Programda açılış konuşmasının ardından İl Müftüsü Nuri Değirmenci tarafından “Gelin Birlik Olalım” konulu konferans gerçekleştirildi. Değirmenci, Diyanet İşleri Başkanlığının her yıl Kutlu Doğum Haftasına yönelik bir tema belirlediğini, bu yıl da ‘tevhid ve birlik’ konusunu seçtiğini dile getirerek “Din, iki ana ögeden ibarettir; bunların birisi tevhid, diğeri de risalettir. Tevhid, Allah’ı birlemedir; O’nun zatta, sıfatta ve fiilde tek olduğuna inanmaktır. Kuran’da kendini bize tanıtan Allah’a nasıl ibadet edeceğimizi ise risaletten öğreniriz.” dedi. 

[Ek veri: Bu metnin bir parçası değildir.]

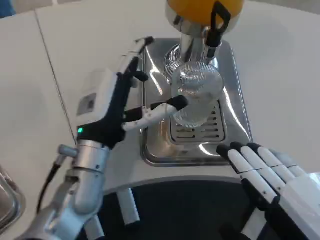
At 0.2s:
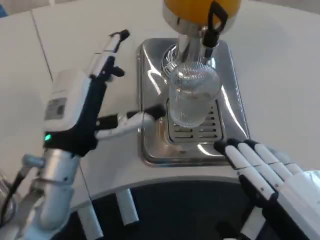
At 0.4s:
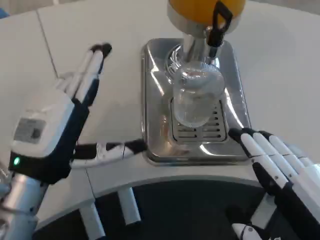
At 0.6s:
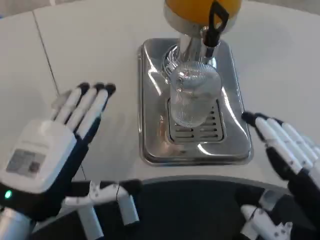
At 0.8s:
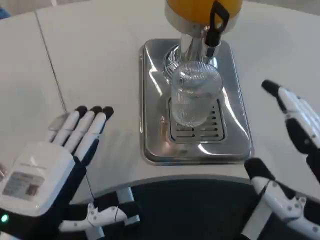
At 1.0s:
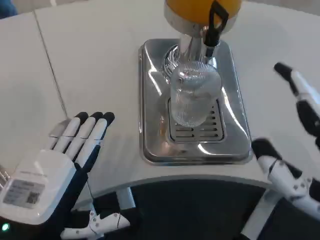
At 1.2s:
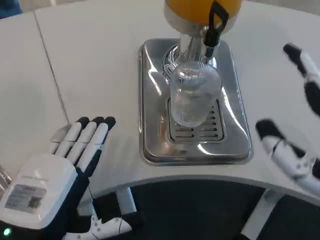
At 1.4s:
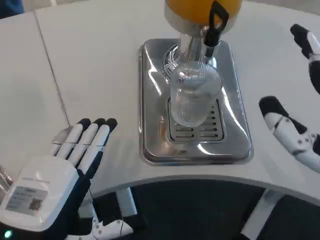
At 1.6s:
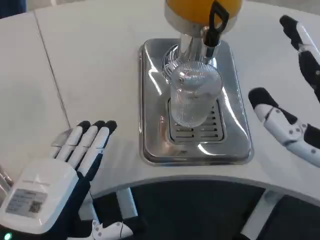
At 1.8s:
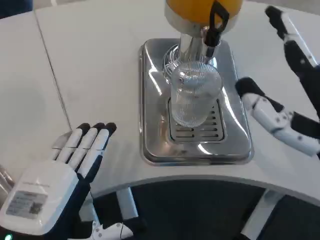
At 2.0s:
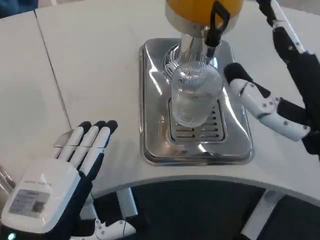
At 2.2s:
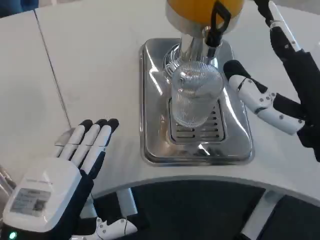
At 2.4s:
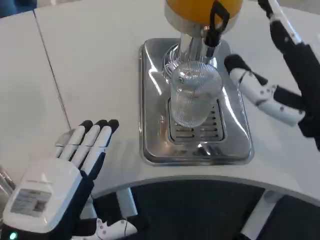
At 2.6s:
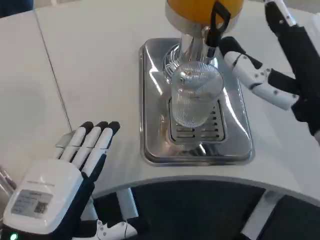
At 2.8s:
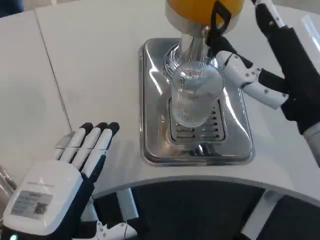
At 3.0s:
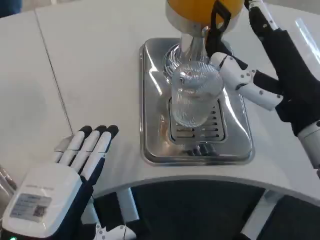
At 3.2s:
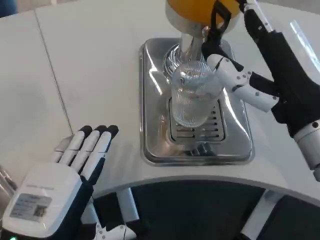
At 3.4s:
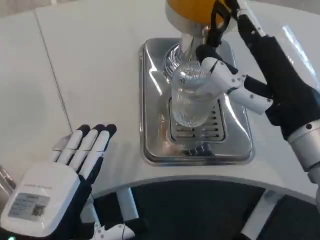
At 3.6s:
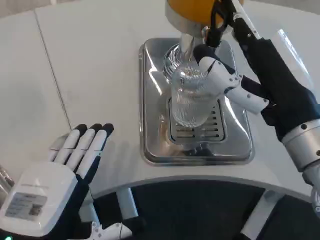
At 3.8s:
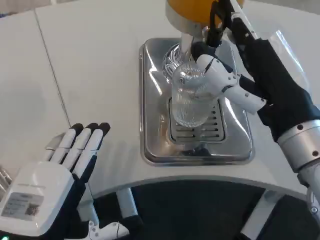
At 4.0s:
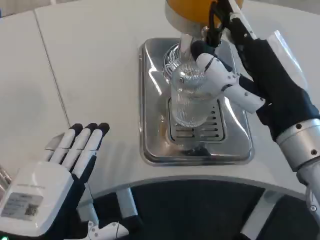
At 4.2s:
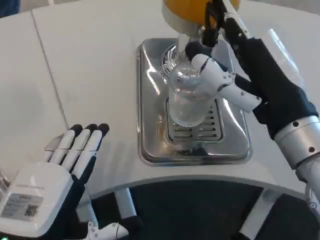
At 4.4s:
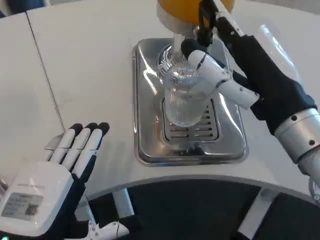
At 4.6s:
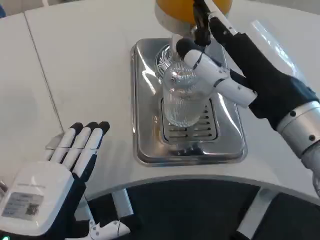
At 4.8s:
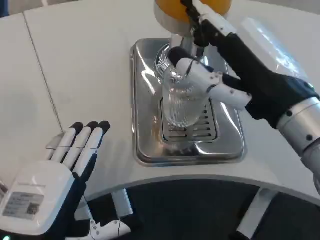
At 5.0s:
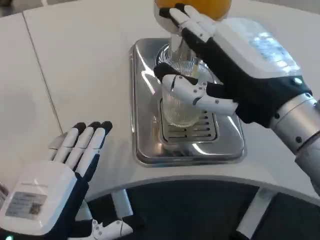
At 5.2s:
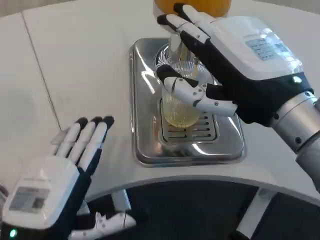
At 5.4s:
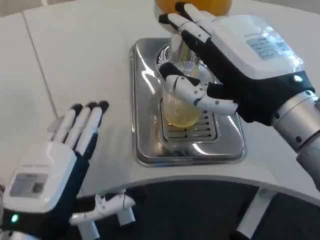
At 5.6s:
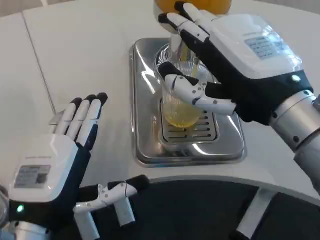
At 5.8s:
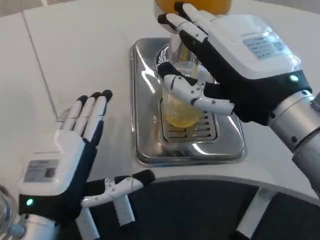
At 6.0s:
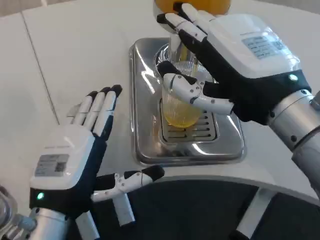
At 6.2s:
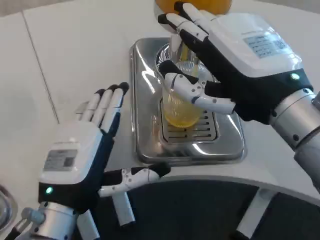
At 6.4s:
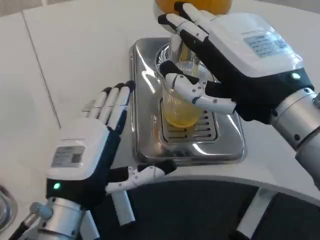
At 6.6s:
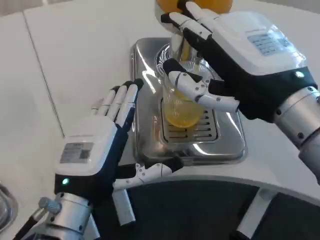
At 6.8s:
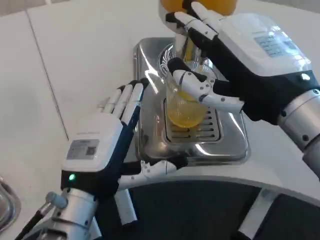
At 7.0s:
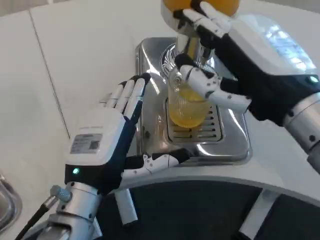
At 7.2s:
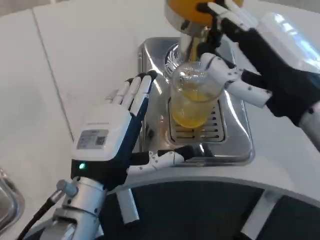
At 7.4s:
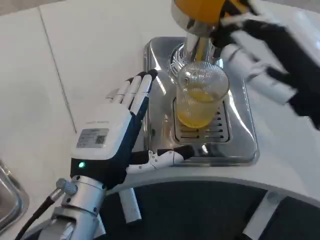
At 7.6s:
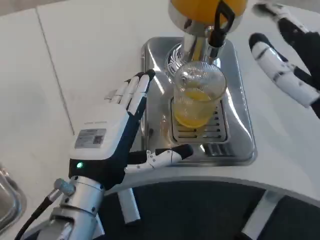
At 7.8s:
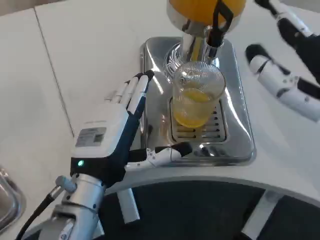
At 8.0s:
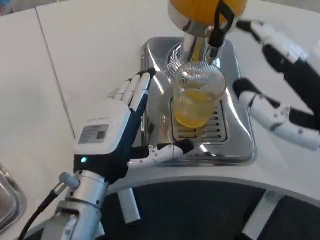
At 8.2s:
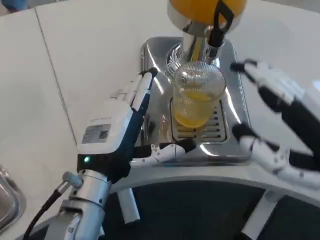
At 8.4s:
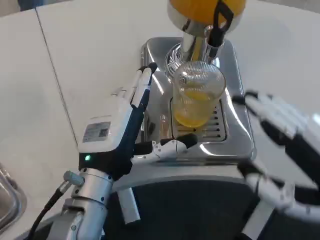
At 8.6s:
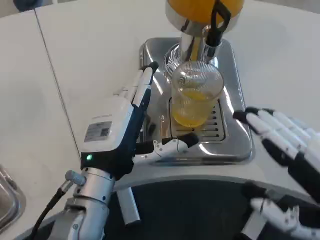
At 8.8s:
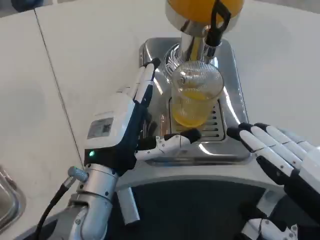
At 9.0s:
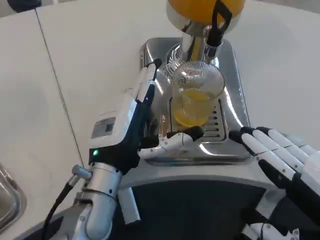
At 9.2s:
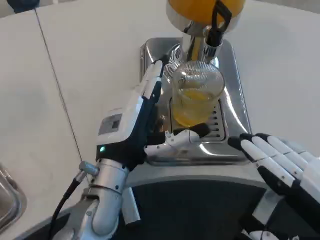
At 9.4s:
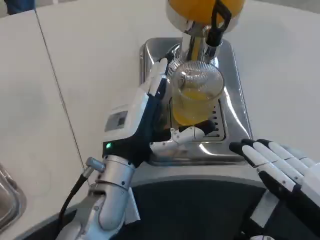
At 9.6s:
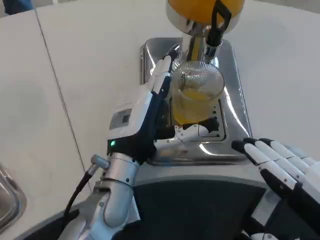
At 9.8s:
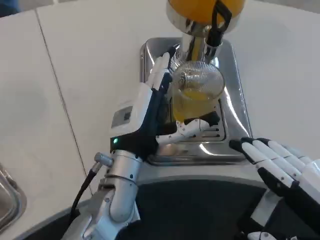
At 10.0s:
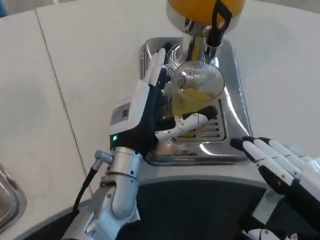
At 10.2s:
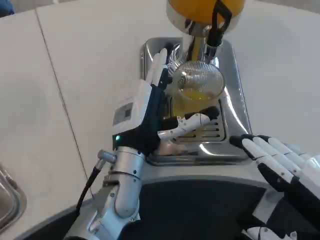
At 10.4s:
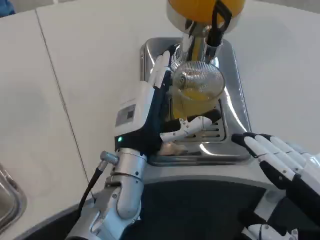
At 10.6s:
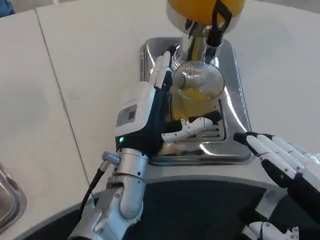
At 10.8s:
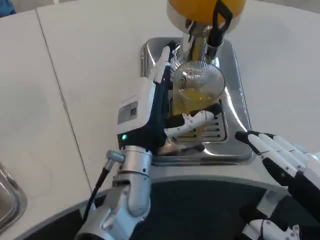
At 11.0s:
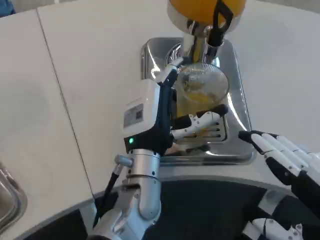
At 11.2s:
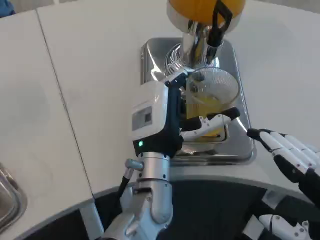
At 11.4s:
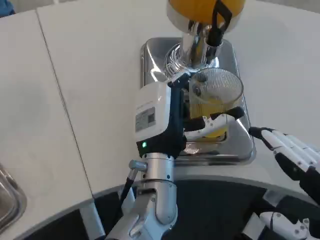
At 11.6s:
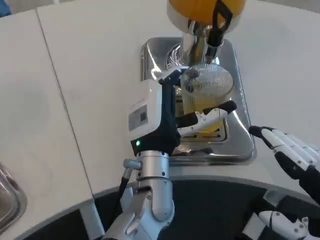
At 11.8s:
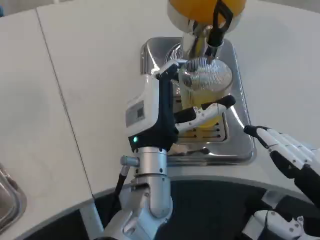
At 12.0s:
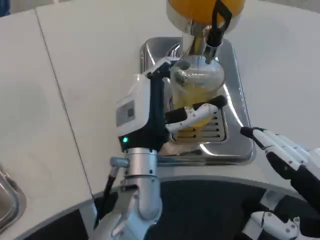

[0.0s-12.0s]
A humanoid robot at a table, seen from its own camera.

“Hadissiz sünnetsiz nesil, Hz. Peygamberin istediği nesil değildir”
Nuri Değirmenci, Kuran bir teori ise onun pratiğinin Hz. Peygamber olduğunu söyleyerek “Hz. Muhammed, alemlere rahmet olarak gönderilmiştir, asla bir postacı hüviyetinde olmayıp sadece bir aktarıcı değildir. Allah ‘Sen en yüksek ahlak üzeresin’ buyurarak Hz. Peygamberi insanlara ideal örnek olarak sunmuştur. Namazımız, orucumuz, haccımız, hatta arkadaşlığımız O’nunki gibi olmalıdır. Bizler Kuran tarafından tescillenmiş bir Peygamberin ümmeti olarak dünyanın en şanslı insanlarıyız. Biz, ‘Kuran bize yeter’ deyip hadissiz, sünnetsiz bir din anlayışını asla benimsemiyoruz. Böyle bir nesil, Hz. Peygamberin istediği nesil değildir.” diye konuştu.

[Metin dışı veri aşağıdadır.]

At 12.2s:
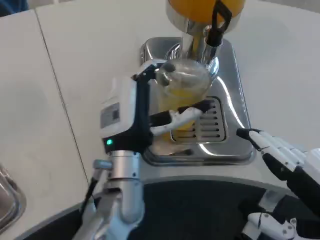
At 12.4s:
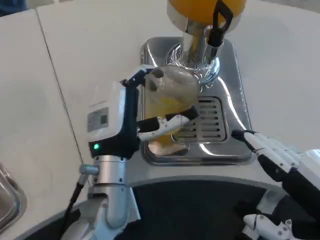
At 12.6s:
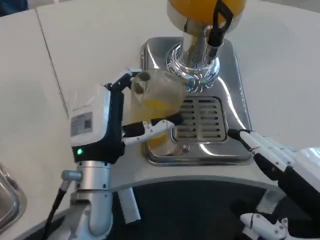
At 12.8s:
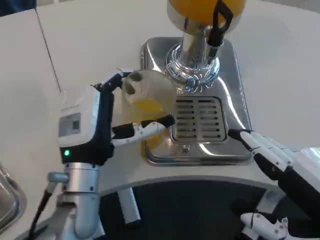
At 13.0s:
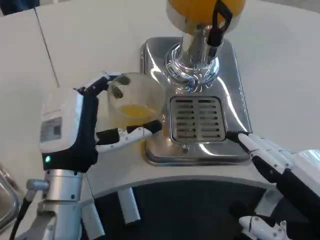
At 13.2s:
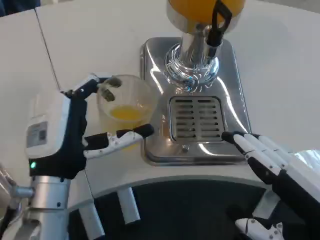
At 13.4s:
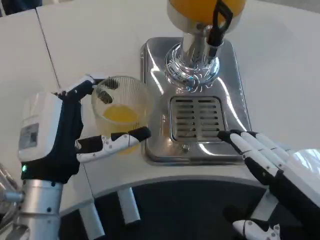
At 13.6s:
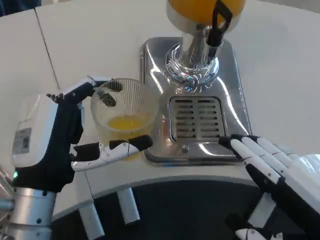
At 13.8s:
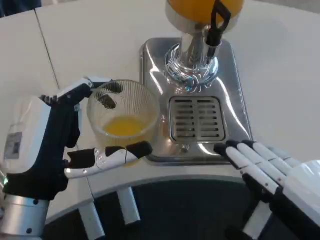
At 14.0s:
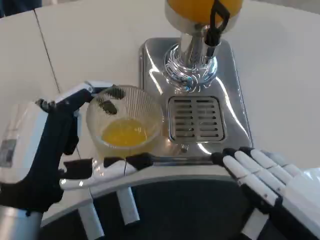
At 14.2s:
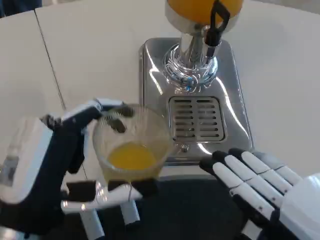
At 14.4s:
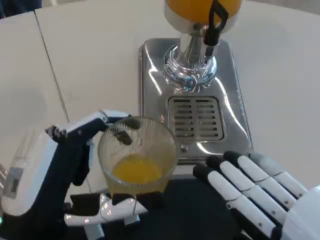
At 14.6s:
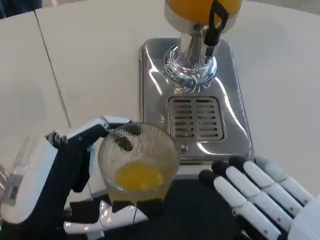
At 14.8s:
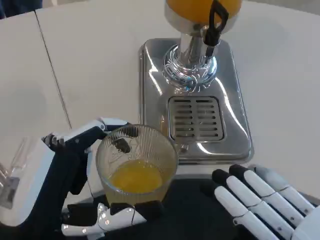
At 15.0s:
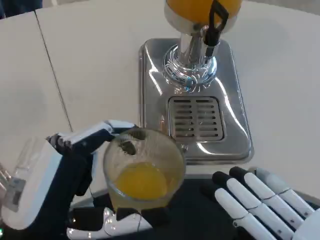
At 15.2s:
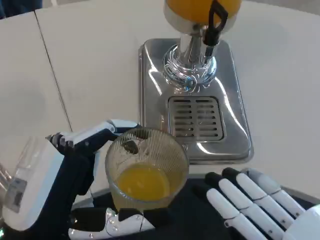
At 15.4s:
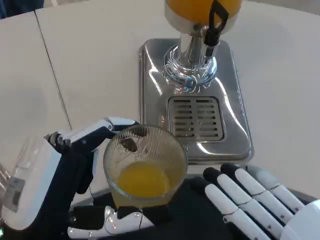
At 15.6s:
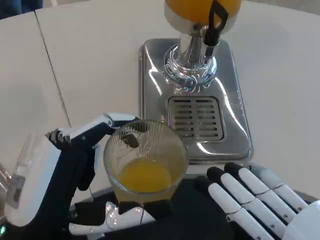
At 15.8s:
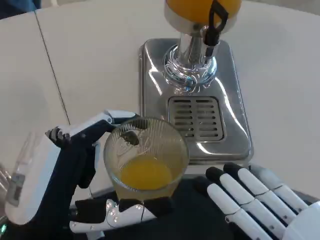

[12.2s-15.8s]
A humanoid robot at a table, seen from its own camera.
Task of the whole recording: Grasp the cup under the faucet to collect the drink, then remove the cup.
12.2s to 14.0s: The left hand goes about 15 cm backward and to the left.

Değirmenci, Hz. Peygamberin Mekke’den Medine’ye hicretinin ardından Medine’de Müslümanlar arasında kardeşlik tesis ettiğini, diğer insanlarla da Medine Vesikası denilen bir anlaşma yaptığını belirterek “İslam’da ötekileştirme yoktur, beraber yaşama vardır. Şimdiye kadar kurulan tüm İslam devletlerinde bir arada yaşama ve çok kültürlülüğün örneklerini görebiliriz.” dedi.
“Şiddete hayır değil, saygıya evet”
Değirmenci son olarak birkaç lise öğrencisinin üzerinde gördüğü “Kadına şiddete hayır” sloganını İslami bulmadığını, bunun yerine “Kadına saygıya evet” denilmesi gerektiğini ifade ederek Müslümanların dilinin yapıcı ve olumlu olması gerektiğine işaret etti. Değirmenci, Türkiye’de insanların dinle aralarındaki soğukluğu kaldırmasının zamanı geldiğini belirterek konuşmasına son verdi.
Program, Mustafa Dökmen ve Osman Gözel tarafından gerçekleştirilen tasavvuf musikisi konseriyle devam etti. Dökmen ve Gözel; ud, ney ve kudüm eşliğinde “Alma tenden canımı, Adı güzel kendi güzel Muhammed, Sen Sultansın ben kulunum, Ateş-i aşkınla yandır kalbimi, Seni andım dün gece, Gül olanın aslı güldür / Peygamberin nesli güldür, Kimi Ahmed seni uzaktan tanır / Kimi yaklaşır da kör olur gider” adlı ilahileri seslendirdiler.
Salondakilere Hz. Peygambere dair soruların sorularak cevabı bilenlere çeşitli hediyelerin verildiği ve çekilişle beş kişiye tablet dağıtıldığı program, plaket töreniyle sona erdi.
Gül ve Kandil Simidi 
KMÜ Kültür Ahlak ve Medeniyet Öğrenci Topluluğu, Kutlu Doğum nedeniyle Hz. Peygamberi anmak için üniversite yerleşkesinde gül dalı ve kandil simidi dağıttı. Topluluk Başkanı Mehmet Furgan Çörten, “Gül çiçeklerin efendisi, Hz. Muhammed de insanlığın efendisidir.” diyerek kandilin hayatlarımıza her zaman ışık tutması temennisinde bulundu.